Purpose
The Labor Impact Dashboard tracks reported news about artificial intelligence and its effects on work: layoffs, automation, platform labor, creative rights, unions, policy, and sector change. It is a monitoring tool, not a complete census. Each row in Explore articles is one news URL that matched discovery and was parsed into structured fields.
Timespan
- Default: January 1, 2020 through today.
- Floor: Incidents before 2020 are excluded.
- On the dashboard: Adjust the date range or use presets (last week, Jan 2020 – now, etc.).
- On morethancode.org: Data is embedded when the site is built and redeployed; use
python -m src.weblocally and click Refresh data for a live pull.
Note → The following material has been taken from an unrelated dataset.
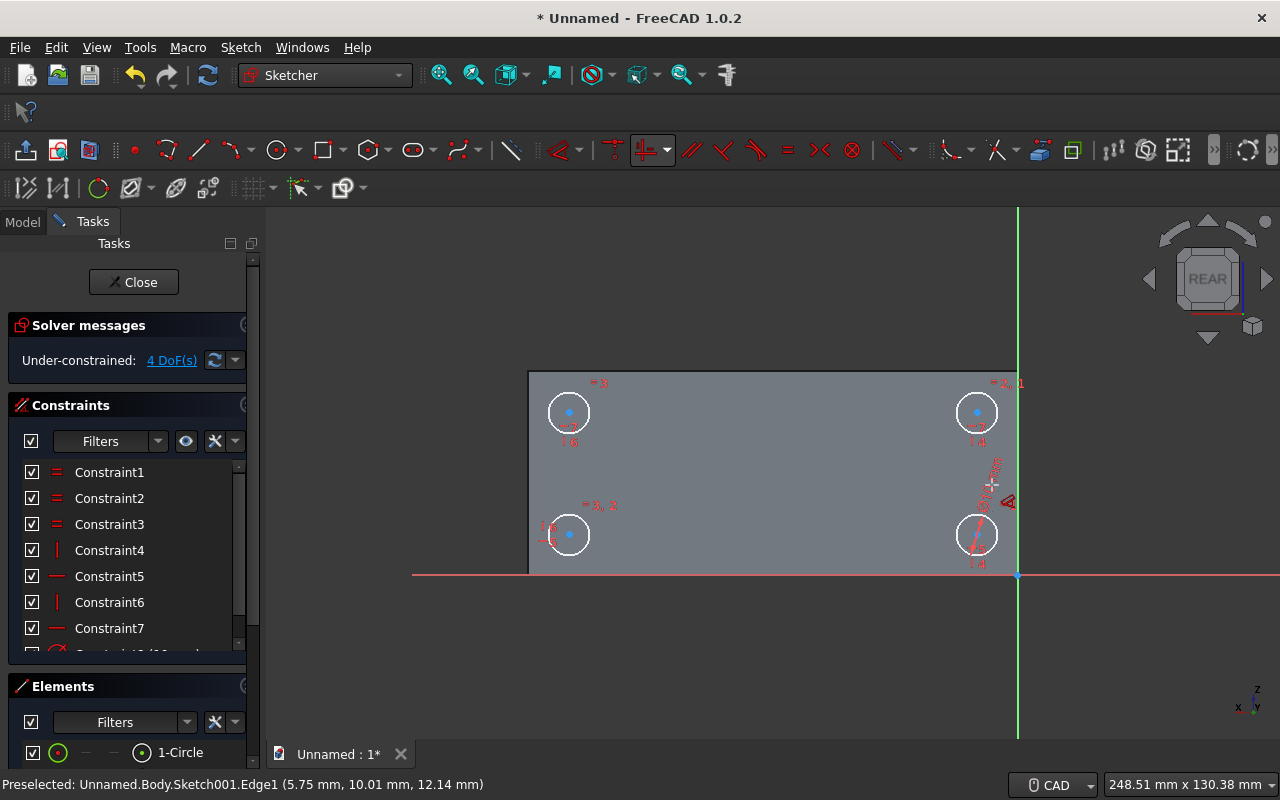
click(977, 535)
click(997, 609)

What counts as an incident
An incident is a single news article that:
- Was found by an enabled source (below).
- Has a publication date inside your selected window.
- Is deduplicated by URL (one row per story).
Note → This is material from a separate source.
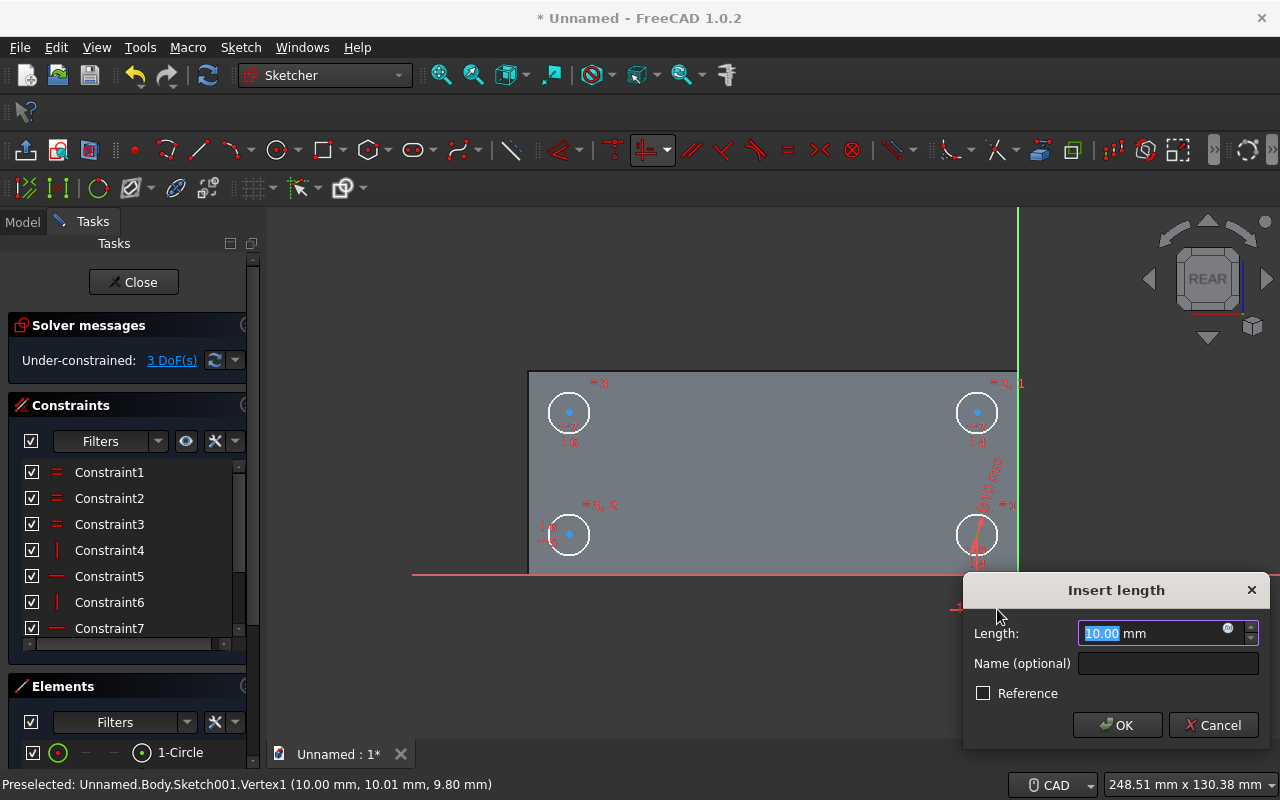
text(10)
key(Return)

There is no manual editorial review on the dashboard pipeline. Tags come from headlines, snippets, Event Registry concepts, and keyword rules.
Data sources
Discovery merges several batches in round-robin order so regional stories are not crowded out.
Event Registry (primary)
Requires an API key at build time. Queries combine Artificial intelligence with labor concepts (employment, layoffs, workforce, automation, gig economy, etc.). Additional pulls target Africa, Latin America, and the Middle East by publisher country. Long histories use a per-year cache plus a recent-year live query.
NewsAPI.org (supplement)
When configured, searches regional outlet bundles: Africa, Latin America, Middle East, global-majority publishers, and Asia. Subject to daily rate limits on the free tier.
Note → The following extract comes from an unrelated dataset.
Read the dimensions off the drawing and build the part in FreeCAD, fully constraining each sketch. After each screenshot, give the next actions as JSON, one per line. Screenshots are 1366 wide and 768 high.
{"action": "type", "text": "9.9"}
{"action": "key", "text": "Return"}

DuckDuckGo, RSS, outlets, Reddit (supplement)
Regional DuckDuckGo news, Google News RSS, 20+ major outlets (Reuters, BBC, Bloomberg, ILO, etc.), and labor-related subreddits. Supplements focus on the last ~90 days when the full range is multi-year.
Regional focus
Default discovery and display bias: Africa, Latin America, and the Middle East. Geographic balancing reserves a minimum number of rows per focus region before filling the rest of the table (cap ~400 incidents on the public site).
Parsed fields
| Field | Derivation |
|---|---|
| Region | Thematic label from country, source bucket, or keywords |
| Country | Event Registry metadata, publisher, or domain inference |
| US state | Inferred from text when country is United States |
| Industry | Concept tags + keyword rules (Technology, Entertainment, …) |
| AI incident type | Layoffs, automation, gig work, policy, creative rights, … |
| Headline / source | Original article metadata; headline links to source URL |
Limitations
- English-heavy queries; global coverage depends on indexed outlets.
- Rule-based tags can misclassify; verify against the linked article.
- Static production site updates on deploy, not continuously.
- API quotas can limit any single build.
Full technical detail: docs/METHODOLOGY.md in the project repository.